Antioksidan içeriği yüksek besinleri beslenmelerine dahil etmelerini öneriyoruz.
Ve mutlaka hareket etmek bir alışkanlık haline gelmeli. Hareket kasları ve eklemleri güçlü tutar, kalp-damar sistemini korur, dengeyi ve esnekliği artırarak bağımsızlığı sürdürmeyi sağlar.
- Yaşından daha genç gösteren birini gördüğünüzde neyi doğru yaptığını anlıyorsunuz?

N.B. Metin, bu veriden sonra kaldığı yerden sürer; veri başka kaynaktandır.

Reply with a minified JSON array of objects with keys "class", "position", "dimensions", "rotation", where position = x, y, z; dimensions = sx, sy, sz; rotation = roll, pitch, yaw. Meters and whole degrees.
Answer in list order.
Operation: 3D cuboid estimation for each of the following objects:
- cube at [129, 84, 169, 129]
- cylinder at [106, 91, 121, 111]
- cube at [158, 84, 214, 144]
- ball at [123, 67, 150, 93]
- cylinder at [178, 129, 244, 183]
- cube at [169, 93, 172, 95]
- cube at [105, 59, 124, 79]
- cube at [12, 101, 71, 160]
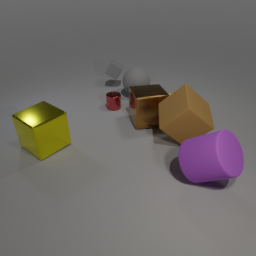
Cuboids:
[{"class":"cube","position":[0.861,-0.943,11.935],"dimensions":[1.400,1.400,1.400],"rotation":[-6,29,-11]},{"class":"cylinder","position":[-0.678,-1.277,13.229],"dimensions":[0.700,0.700,0.700],"rotation":[0,31,0]},{"class":"cube","position":[2.102,-0.458,10.323],"dimensions":[1.400,1.400,1.400],"rotation":[34,38,-27]},{"class":"ball","position":[0.426,-2.366,14.153],"dimensions":[1.400,1.400,1.400],"rotation":[0,31,0]},{"class":"cylinder","position":[2.495,0.877,8.456],"dimensions":[1.400,1.400,1.400],"rotation":[-21,9,47]},{"class":"cube","position":[2.068,-1.139,12.517],"dimensions":[0.700,0.700,0.700],"rotation":[-8,21,17]},{"class":"cube","position":[-0.721,-3.153,15.028],"dimensions":[0.700,0.700,0.700],"rotation":[27,27,-9]},{"class":"cube","position":[-3.140,0.051,10.297],"dimensions":[1.400,1.400,1.400],"rotation":[25,42,34]}]
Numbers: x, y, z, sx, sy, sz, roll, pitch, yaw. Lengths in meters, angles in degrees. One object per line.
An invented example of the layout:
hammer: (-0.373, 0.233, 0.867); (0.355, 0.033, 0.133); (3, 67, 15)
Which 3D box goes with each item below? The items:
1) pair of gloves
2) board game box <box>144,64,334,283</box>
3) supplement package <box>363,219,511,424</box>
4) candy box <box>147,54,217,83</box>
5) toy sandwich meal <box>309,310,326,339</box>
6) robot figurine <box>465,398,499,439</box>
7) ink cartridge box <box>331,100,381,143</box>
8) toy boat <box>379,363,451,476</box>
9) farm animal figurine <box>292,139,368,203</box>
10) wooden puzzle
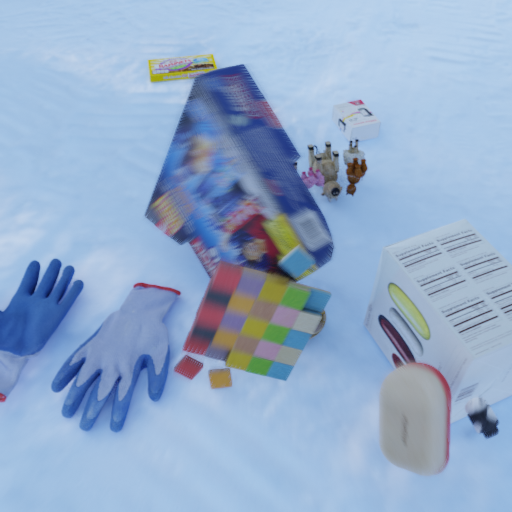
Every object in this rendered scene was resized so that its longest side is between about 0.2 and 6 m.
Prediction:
pair of gloves: (-2.909, 1.263, 8.799); (3.416, 0.389, 2.746); (11, 46, 7)
board game box: (-0.482, -0.751, 8.944); (0.964, 3.123, 3.124); (-29, 87, -37)
supplement package: (2.789, 0.957, 8.034); (1.483, 1.929, 2.017); (-18, 50, -16)
candy box: (-1.934, -4.936, 14.685); (1.770, 0.234, 0.904); (-8, 45, -8)
toy sandwich meal: (0.614, 0.918, 9.062); (1.083, 0.371, 1.083); (-5, 44, 5)
robot figurine: (2.703, 1.923, 6.684); (0.290, 0.349, 0.465); (-21, 71, -17)
ink cartridge box: (2.282, -3.098, 12.838); (0.751, 0.436, 1.018); (-15, 47, -14)
toy boat: (2.037, 1.943, 6.868); (0.853, 1.307, 0.855); (7, 12, 42)
farm animal figurine: (1.297, -1.567, 11.170); (1.795, 0.936, 1.775); (-1, 35, 8)
wooden puzzle: (-0.030, 0.962, 7.705); (1.603, 2.703, 0.190); (17, 31, -12)
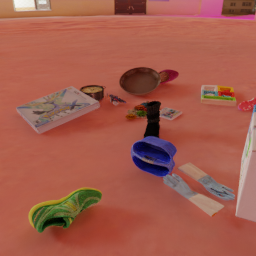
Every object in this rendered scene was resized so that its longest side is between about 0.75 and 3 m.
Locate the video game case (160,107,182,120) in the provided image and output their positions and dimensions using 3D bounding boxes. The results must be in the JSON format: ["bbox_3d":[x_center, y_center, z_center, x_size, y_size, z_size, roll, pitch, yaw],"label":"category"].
[{"bbox_3d":[1.726,-0.616,11.940,0.821,0.107,0.902,21,33,33],"label":"video game case"}]

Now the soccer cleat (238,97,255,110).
[{"bbox_3d":[5.456,-1.047,12.527,1.301,0.498,0.434,-25,63,-14],"label":"soccer cleat"}]

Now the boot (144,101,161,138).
[{"bbox_3d":[0.884,-0.252,10.116,0.573,1.139,1.524,3,28,7],"label":"boot"}]

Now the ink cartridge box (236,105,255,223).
[{"bbox_3d":[3.952,0.905,6.984,1.966,1.975,2.692,11,29,20],"label":"ink cartridge box"}]

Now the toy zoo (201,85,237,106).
[{"bbox_3d":[4.430,-1.699,13.850,1.570,0.245,2.392,7,29,13],"label":"toy zoo"}]

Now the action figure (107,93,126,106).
[{"bbox_3d":[-0.571,-1.258,12.931,0.911,0.477,0.881,24,21,-23],"label":"action figure"}]

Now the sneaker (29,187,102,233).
[{"bbox_3d":[-1.385,1.968,6.582,1.747,0.647,0.730,-17,46,-24],"label":"sneaker"}]

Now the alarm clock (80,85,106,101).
[{"bbox_3d":[-1.628,-1.721,13.550,1.151,0.568,1.706,15,34,27],"label":"alarm clock"}]

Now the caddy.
[{"bbox_3d":[0.748,0.842,8.212,1.415,1.000,0.743,17,26,30],"label":"caddy"}]

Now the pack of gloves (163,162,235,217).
[{"bbox_3d":[1.871,1.662,7.516,1.449,0.340,1.725,-13,34,-41],"label":"pack of gloves"}]

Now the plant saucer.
[{"bbox_3d":[0.622,-2.341,14.348,2.131,0.367,2.131,-5,49,6],"label":"plant saucer"}]

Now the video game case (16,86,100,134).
[{"bbox_3d":[-2.984,-0.884,11.817,2.761,0.304,2.516,-27,37,-27],"label":"video game case"}]

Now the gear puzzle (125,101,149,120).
[{"bbox_3d":[0.518,-0.773,12.077,0.986,0.249,1.904,20,34,34],"label":"gear puzzle"}]

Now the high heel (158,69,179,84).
[{"bbox_3d":[1.667,-2.659,15.140,2.218,0.748,1.066,-12,16,8],"label":"high heel"}]
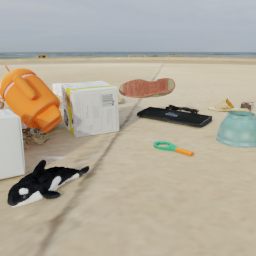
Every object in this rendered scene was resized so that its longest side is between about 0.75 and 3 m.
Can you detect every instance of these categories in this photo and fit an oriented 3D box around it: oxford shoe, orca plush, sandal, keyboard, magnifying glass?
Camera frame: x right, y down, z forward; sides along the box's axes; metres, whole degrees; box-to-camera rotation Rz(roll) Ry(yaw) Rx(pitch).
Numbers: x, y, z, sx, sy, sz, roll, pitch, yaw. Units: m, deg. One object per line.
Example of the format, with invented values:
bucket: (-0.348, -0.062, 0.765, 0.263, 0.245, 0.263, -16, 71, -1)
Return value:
oxford shoe: (0.644, -1.246, 9.510, 1.876, 0.664, 0.693, -1, -16, 4)
orca plush: (-1.500, 0.906, 5.378, 1.676, 0.596, 0.882, -11, 20, -34)
sandal: (4.299, -0.993, 11.959, 1.769, 0.582, 0.649, 14, 21, 40)
keyboard: (1.858, -0.502, 10.836, 2.803, 0.289, 1.781, 14, 28, 37)
magnifying glass: (1.202, 0.540, 7.497, 0.489, 0.138, 1.229, -14, 22, -41)

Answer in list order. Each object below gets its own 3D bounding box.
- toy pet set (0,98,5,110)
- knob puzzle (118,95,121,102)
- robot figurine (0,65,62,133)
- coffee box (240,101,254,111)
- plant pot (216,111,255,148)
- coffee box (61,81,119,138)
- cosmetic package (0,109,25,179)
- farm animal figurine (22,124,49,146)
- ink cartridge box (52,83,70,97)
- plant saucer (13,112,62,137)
toy pet set: (-4.810, -0.836, 11.362, 2.045, 1.163, 2.190, -36, 15, 1)
knob puzzle: (-1.213, -1.385, 13.895, 1.867, 0.259, 1.867, 0, 17, 0)
robot figurine: (-2.695, -0.809, 7.717, 2.010, 1.172, 1.446, 47, 20, 8)
coffee box: (5.251, -0.960, 12.338, 0.437, 0.309, 0.773, 10, 19, 31)
plant pot: (3.267, -0.029, 8.162, 1.272, 0.852, 1.272, 1, 16, 0)
coffee box: (-1.265, -0.679, 9.179, 1.475, 1.472, 1.458, -10, 21, -25)
cosmetic package: (-3.141, 0.367, 5.924, 1.543, 1.284, 1.292, -9, 15, -31)
farm animal figurine: (-2.875, 0.257, 7.834, 0.933, 0.581, 1.155, 33, 27, 25)
ink cartridge box: (-3.543, -2.206, 16.102, 1.054, 0.611, 1.809, -10, 19, -31)
plant saucer: (-3.500, -0.152, 9.407, 2.515, 0.403, 2.515, 1, 16, 0)
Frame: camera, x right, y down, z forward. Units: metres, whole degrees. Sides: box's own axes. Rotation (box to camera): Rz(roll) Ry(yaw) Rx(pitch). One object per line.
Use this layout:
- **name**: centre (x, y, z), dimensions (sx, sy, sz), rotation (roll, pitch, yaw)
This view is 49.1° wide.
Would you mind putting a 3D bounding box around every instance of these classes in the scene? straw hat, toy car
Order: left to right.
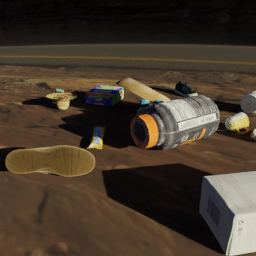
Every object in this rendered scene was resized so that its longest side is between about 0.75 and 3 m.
- **straw hat**: centre (-3.121, -1.225, 13.358), dimensions (1.540, 0.652, 1.540), rotation (2, 17, -1)
- **toy car**: centre (0.924, -0.522, 11.263), dimensions (1.092, 1.138, 1.234), rotation (2, 1, 5)

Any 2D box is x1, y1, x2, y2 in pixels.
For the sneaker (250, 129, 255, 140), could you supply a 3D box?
- **sneaker**: centre (4.950, 0.265, 10.027), dimensions (1.252, 0.474, 0.549), rotation (-14, 42, -28)

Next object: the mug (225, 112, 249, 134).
- **mug**: centre (4.193, -0.185, 10.773), dimensions (0.701, 0.683, 0.853), rotation (-16, 19, -17)

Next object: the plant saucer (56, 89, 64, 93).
- **plant saucer**: centre (-3.548, -1.759, 14.449), dimensions (0.392, 0.106, 1.121), rotation (10, -14, -15)

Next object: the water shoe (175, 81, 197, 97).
- **water shoe**: centre (3.211, -2.213, 15.773), dimensions (0.638, 0.704, 1.784), rotation (-11, 24, -26)

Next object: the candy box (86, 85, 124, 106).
- **candy box**: centre (-1.179, -1.702, 14.535), dimensions (1.460, 0.665, 1.727), rotation (8, 24, 17)

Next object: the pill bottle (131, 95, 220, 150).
- **pill bottle**: centre (1.544, -0.158, 9.427), dimensions (2.935, 1.559, 1.559), rotation (-14, 26, -31)

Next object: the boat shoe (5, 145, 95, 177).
- **boat shoe**: centre (-2.108, 0.894, 7.787), dimensions (2.343, 0.845, 0.761), rotation (1, -1, -18)

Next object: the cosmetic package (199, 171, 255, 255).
- **cosmetic package**: centre (2.899, 1.605, 5.761), dimensions (2.459, 0.998, 1.388), rotation (-2, 22, -9)

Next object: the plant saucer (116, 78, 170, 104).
- **plant saucer**: centre (0.831, -1.521, 12.392), dimensions (2.905, 0.514, 2.905), rotation (27, 7, -3)

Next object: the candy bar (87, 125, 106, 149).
- **candy bar**: centre (-1.099, 0.334, 10.014), dimensions (0.496, 0.220, 1.987), rotation (0, 22, 0)

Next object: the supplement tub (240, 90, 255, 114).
- **supplement tub**: centre (5.921, -1.221, 12.839), dimensions (1.410, 1.018, 1.018), rotation (-16, 26, -36)

Genellikle bu kişiler bedenlerini tanırlar, ve ihtiyaçlarına kulak verirler. Aslında iyi yaş alan kişiler, bedeniyle bağlantıda olan kişilerdir. Her gün düzenli hareket etmek, işlenmiş gıdalardan uzak durmak, su içmek, kaliteli uyumak bedenin ihtiyaçlarına verilen cevaplardan bir kaçı olabilir.Daha da önemlisi, bu kişiler genel olarak istikrarlı oluyor, yani zaman zaman değil, yıllardır aynı temel alışkanlıkları sürdürüyorlar. Genç görünmek, aslında yılların birikimiyle oluşan görünmeyen emeğin bir sonucu. Aslında neyi doğru yaptıklarını anlamak gibi spesifikleştirmek yerine şöyle söyleyebiliriz bu kişilerin istikrarlı ve bedenleriyle bağlantı kurabilmiş ve bedenin ihtiyacını bedene verebilen kişiler olduğunu anlayabiliriz.
- Yaşadığımız şehirde sular kireçli, meyveler pestisitli, hava kirli biz bu şartlarda iyi yaşam halini nasıl destekleyip longevity’i nasıl sağlayabiliriz?
Bugün yaşadığımız şehirlerde hava, su ve gıdalar yoluyla vücuda giren toksin miktarı çok yüksek. Kireçli sular, pestisitli meyveler, ağır metaller ve hava kirliliği bu negatif durumlardan bir kaçı. Bunların hepsi hücre içi stres yaratıyor ve serbest radikal üretimini artırıyor. Bu da yaşlanmayı hızlandıran temel faktörlerden biri. Ama bu tabloya rağmen, longevity hâlâ mümkün. Burada önemli olan vücut savunma sistemlerini güçlendirmek ve vücudun detoks kapasitesini artırmak.
Örneğin;
Beslenme burada anahtar rolde; doğru beslenme ile karaciğerin detoks kapasitesi artar ve serbest radikallerin neden olduğu hasar azaltılabilir. Antioksidan içeriği yüksek, epigenetik etki yaratan besin gruplarını mutlaka tabağımıza eklemeliyiz.
Evde pestisit yükünü azaltmak için meyve-sebzeleri karbonat-sirkeli suda bekletmeliyiz.
Infrared sauna, ozon terapi, kuru fırçalama, cihazla ya da manual masaj çeşitleri ile dolaşımı ve toksin atımını destekleyen uygulamaları yaşam rutinimize dahil etmeliyiz diyebiliriz.